The U.S. Food and Drug Administration has green-lighted a Phase 2 clinical trial that will assess the safety and effectiveness of the small molecule 2X-121 in advanced ovarian cancer patients, Oncology Venture has announced.
The trial will also use the 2x-121 Drug Response Predictor biomarker to identify patients likely to respond to and benefit from treatment with 2X-121.
The 2x-121 Drug Response Predictor is a screening platform that uses gene expression (protein production) signatures from patient biopsies to identify their likelihood of responding to or resisting specific cancer-fighting therapies. The platform is able to screen over 400 genes.
2X-121 inhibits several members of the Poly(ADP-Ribose) Polymerase (PARP) enzymes, key factors involved in DNA damage repair in cancer cells. PARPs act as DNA damage sensors, binding to the sites of DNA damage and leading to its repair.
Cancer cells rely on PARPs to survive and proliferate. 2x-121 targets the PARP-1 and PARP-2 members, as well as the tankyrases (TNKS1 and TNKS2), also members of the PARP family.
The Phase 2 trial will take place in the U.S. and Germany and expects to recruit up to 30 advanced ovarian cancer patients. The participants will receive 2X-121, administered orally as a daily 600 mg dose. Treatment will continue until signs of disease progression.
The study’s primary objective (its endpoint) is to assess patients’ response to the therapy, both complete remission or partial responses. Other measures of the therapy’s effectiveness and safety parameters will also be evaluated.

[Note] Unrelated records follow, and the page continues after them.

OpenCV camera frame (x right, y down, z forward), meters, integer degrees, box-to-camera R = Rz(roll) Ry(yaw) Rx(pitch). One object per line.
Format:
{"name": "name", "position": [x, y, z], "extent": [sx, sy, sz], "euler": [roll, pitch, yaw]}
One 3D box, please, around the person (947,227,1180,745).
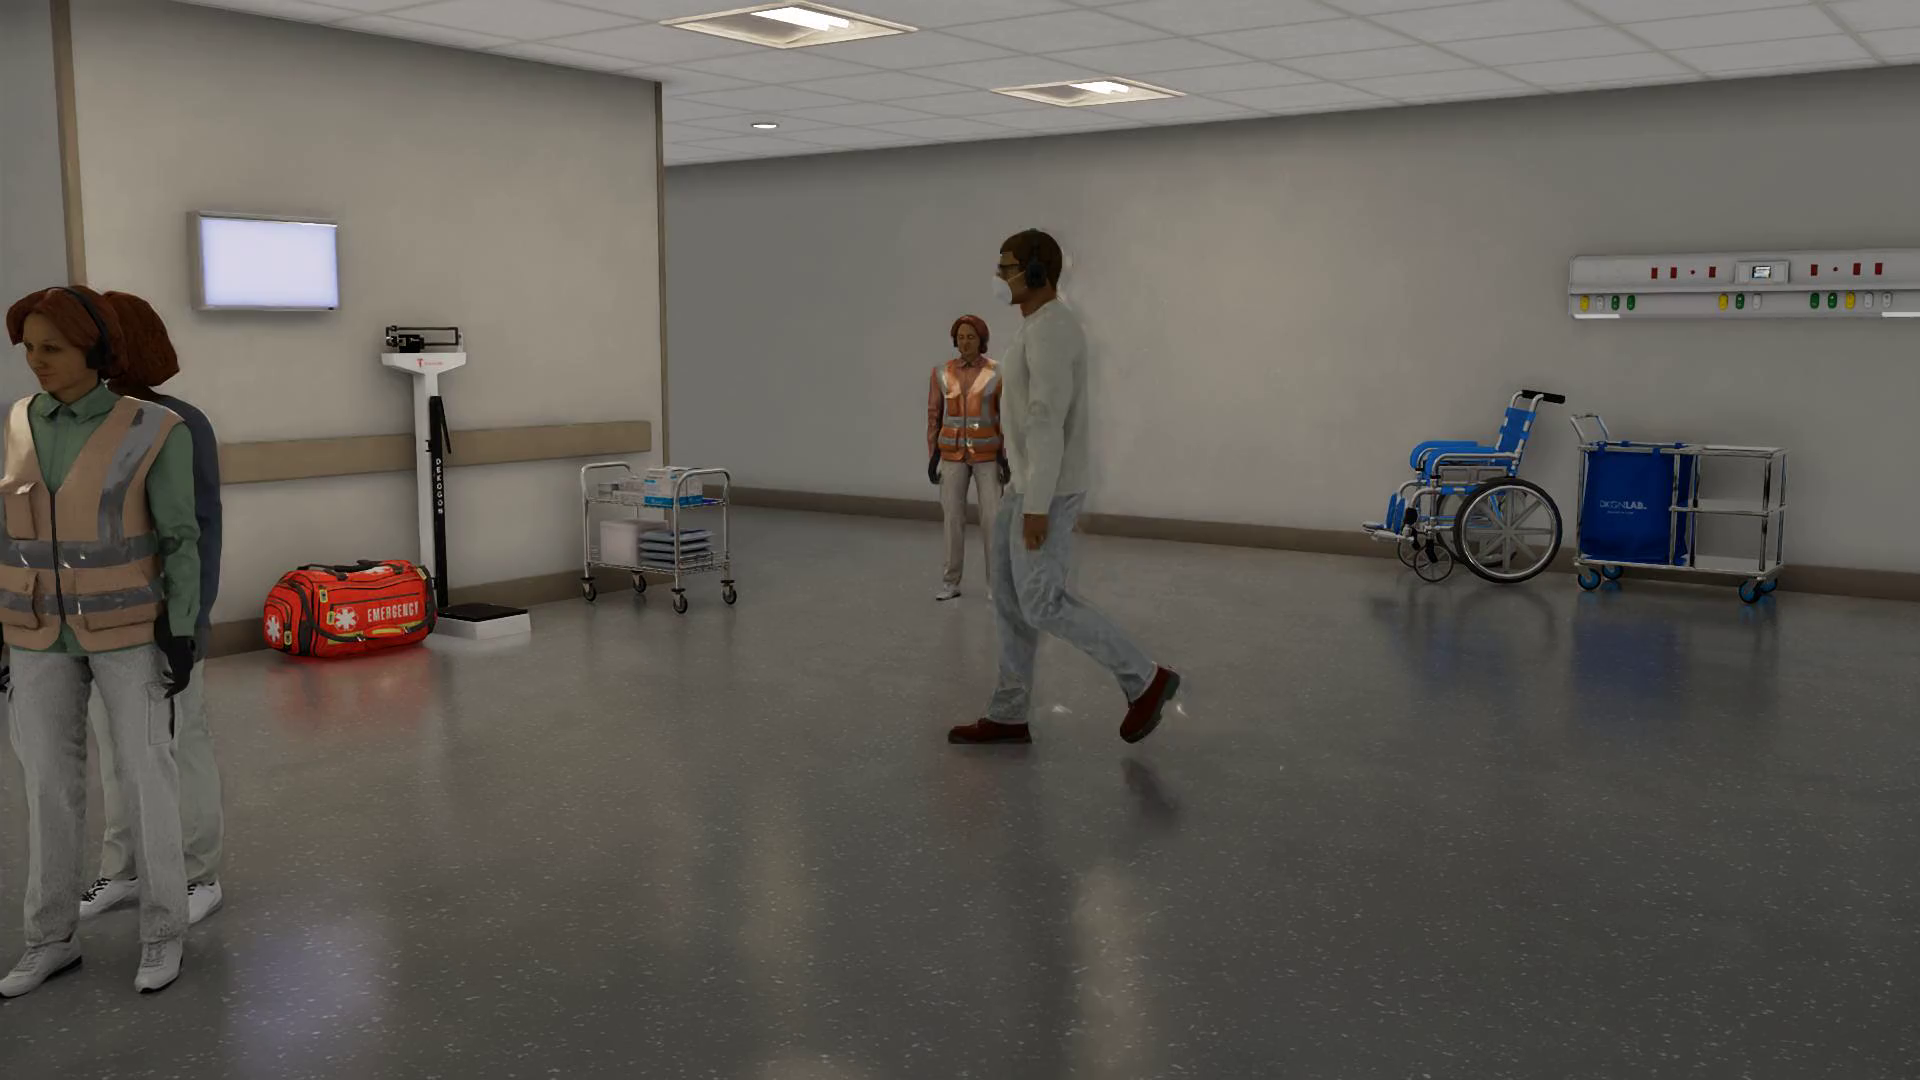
{"name": "person", "position": [0.369, -0.166, 6.032], "extent": [0.753, 1.921, 0.627], "euler": [0, 7, -1]}

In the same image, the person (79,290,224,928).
{"name": "person", "position": [-2.123, 0.185, 4.277], "extent": [0.500, 1.636, 0.282], "euler": [2, 7, 16]}

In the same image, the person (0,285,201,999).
{"name": "person", "position": [-2.021, 0.237, 3.855], "extent": [0.512, 1.639, 0.311], "euler": [0, 7, -3]}

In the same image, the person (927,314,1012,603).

In a previous Phase 1 trial (NCT01618136) evaluating the safety and efficacy of 2X-121 in patients with different types of solid tumors, including those with ovarian tumors, the results showed that 2X-121 was generally well-tolerated at the 600 mg daily dose, and with evidence of antitumor activity.
The 2X-121 Drug Response Predictor was applied in the trial where it was able to distinguish patients who were sensitive to the treatment from those who were treatment-resistant.
The results were presented at the 2018 ASCO Annual Meeting in a presentation titled, “First-in-human phase 1 study of the PARP/tankyrase inhibitor 2X-121 (E7449) as monotherapy in patients with advanced solid tumors and validation of a novel drug response predictor (DRP) mRNA biomarker.”
The FDA investigational new drug (IND) and investigational device exemption (IDE) applications, both needed to begin the Phase 2 trial, were submitted by the Medical Prognosis Institute, a Denmark-based biotech company that was recently acquired by Oncology Venture.
“I’m proud to obtain this first Oncology Venture prepared FDA IND and IDE approval to run trials with our PARP inhibitor in the U.S. and look forward to initialize study in ovarian cancer to prove the patient benefit of our PARP inhibitor and it’s DRP for precision treatment”, Marie Foegh, MD, the chief medical officer of Oncology Venture, said in a press release.
“Our Drug Response Prediction – DRP technology to track, match and treat patients with our PARP inhibitor enables us to be precise in selecting patients who will benefit from PARP inhibitor treatment,”
Peter Buhl Jensen, MD, the CEO of Oncology Venture, said the company expects the clinical trials “will confirm the DRP technology advantage and will position us very favorably in the market.”
A Phase 2 trial (NCT03562832) evaluating 2X-121 in patients with metastatic breast cancer is currently recruiting participants.